I went bowling yesterday, for 5 hours. Today my body feels like a man beat my right side with a lead pipe filled with the blood of the innocent. Not good.

See I decides something. Bowling, a game with a fine mix of white trash and caveman elements, is actually the work of the devil. You take a shinny orb, that by the end of the day your are praying to for strikes, and throw is forcefully at a triangle of white pins. Hell the ball is even returned to you from some evil magic underground tunnel, I bet the Devil personally tee bags each ball before it is returned just to hammer his point home.

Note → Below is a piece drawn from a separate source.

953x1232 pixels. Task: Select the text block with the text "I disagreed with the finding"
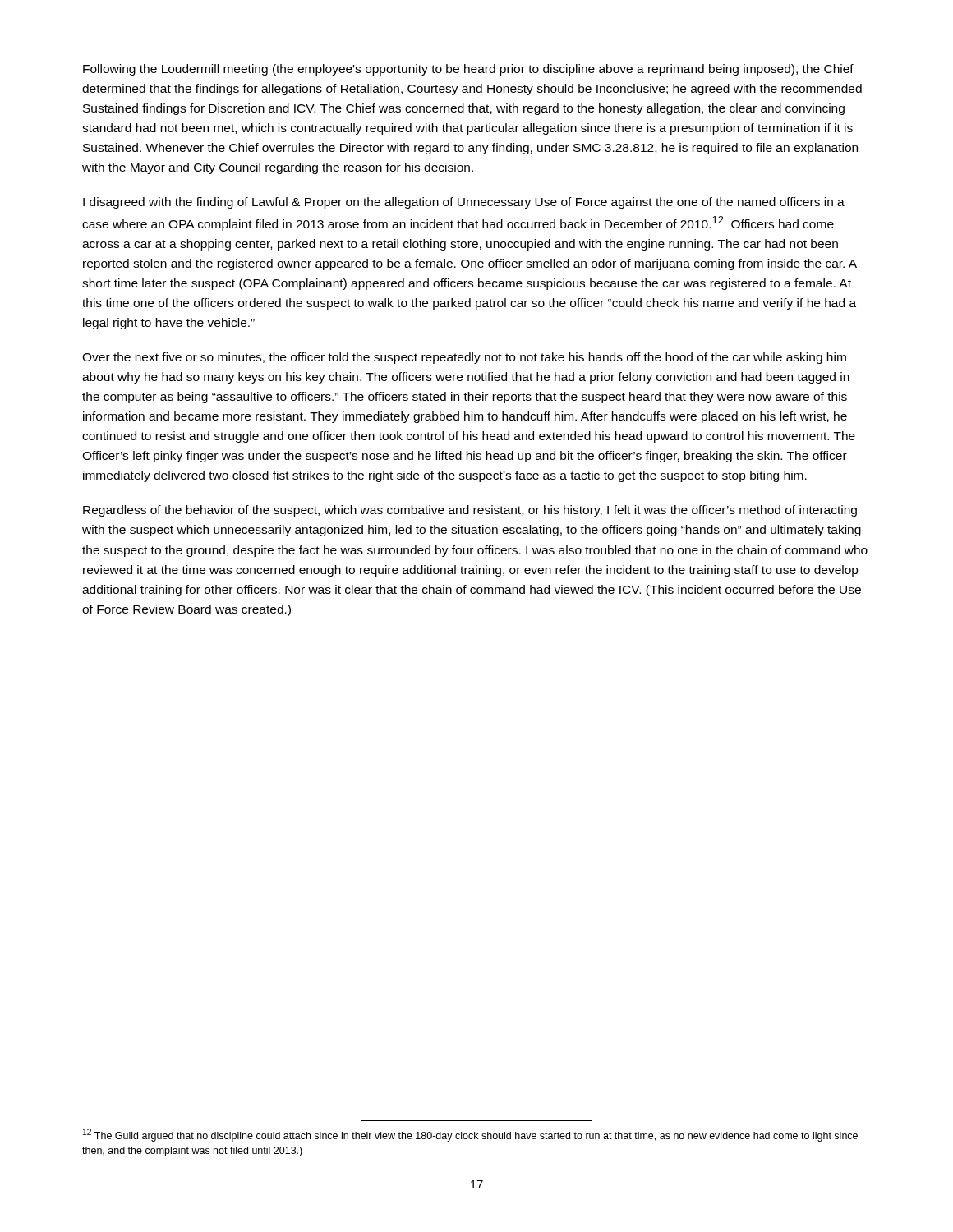tap(469, 262)
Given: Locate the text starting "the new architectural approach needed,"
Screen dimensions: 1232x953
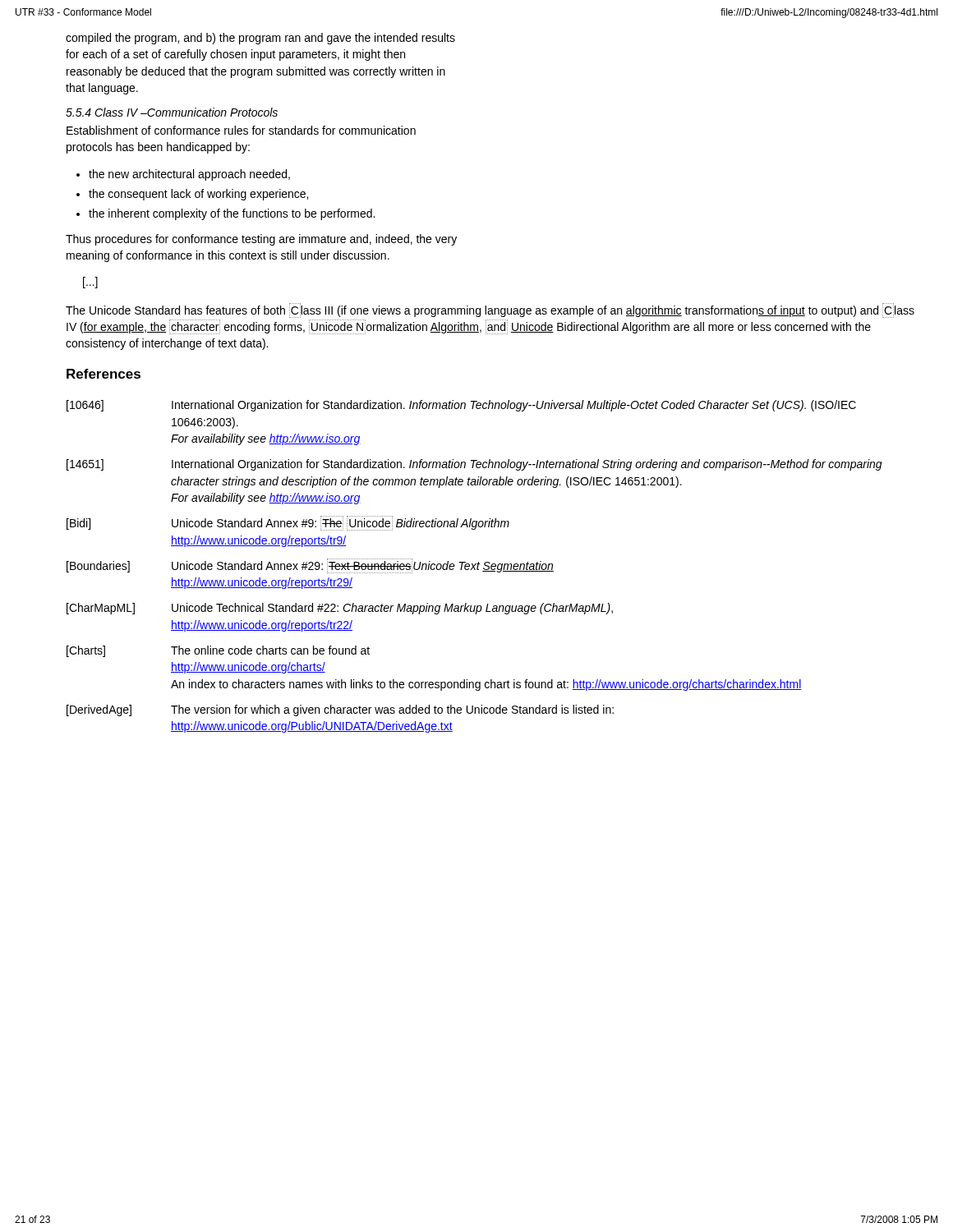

So Bowling combines praying to false gods, aggression, white trash fun, the Devil's dick bag, and the destruction of glowing holy white pins. Seems like the serious work of Beelzibub (that's the devil for you not in the know) to me. I mean think about it, what a crafty way to get people to join the dark side. One minute you think you are enjoying throwing polished balls on a greased lane and next thing you know, BAM, you rolled out the red carpet to you heart for Satan.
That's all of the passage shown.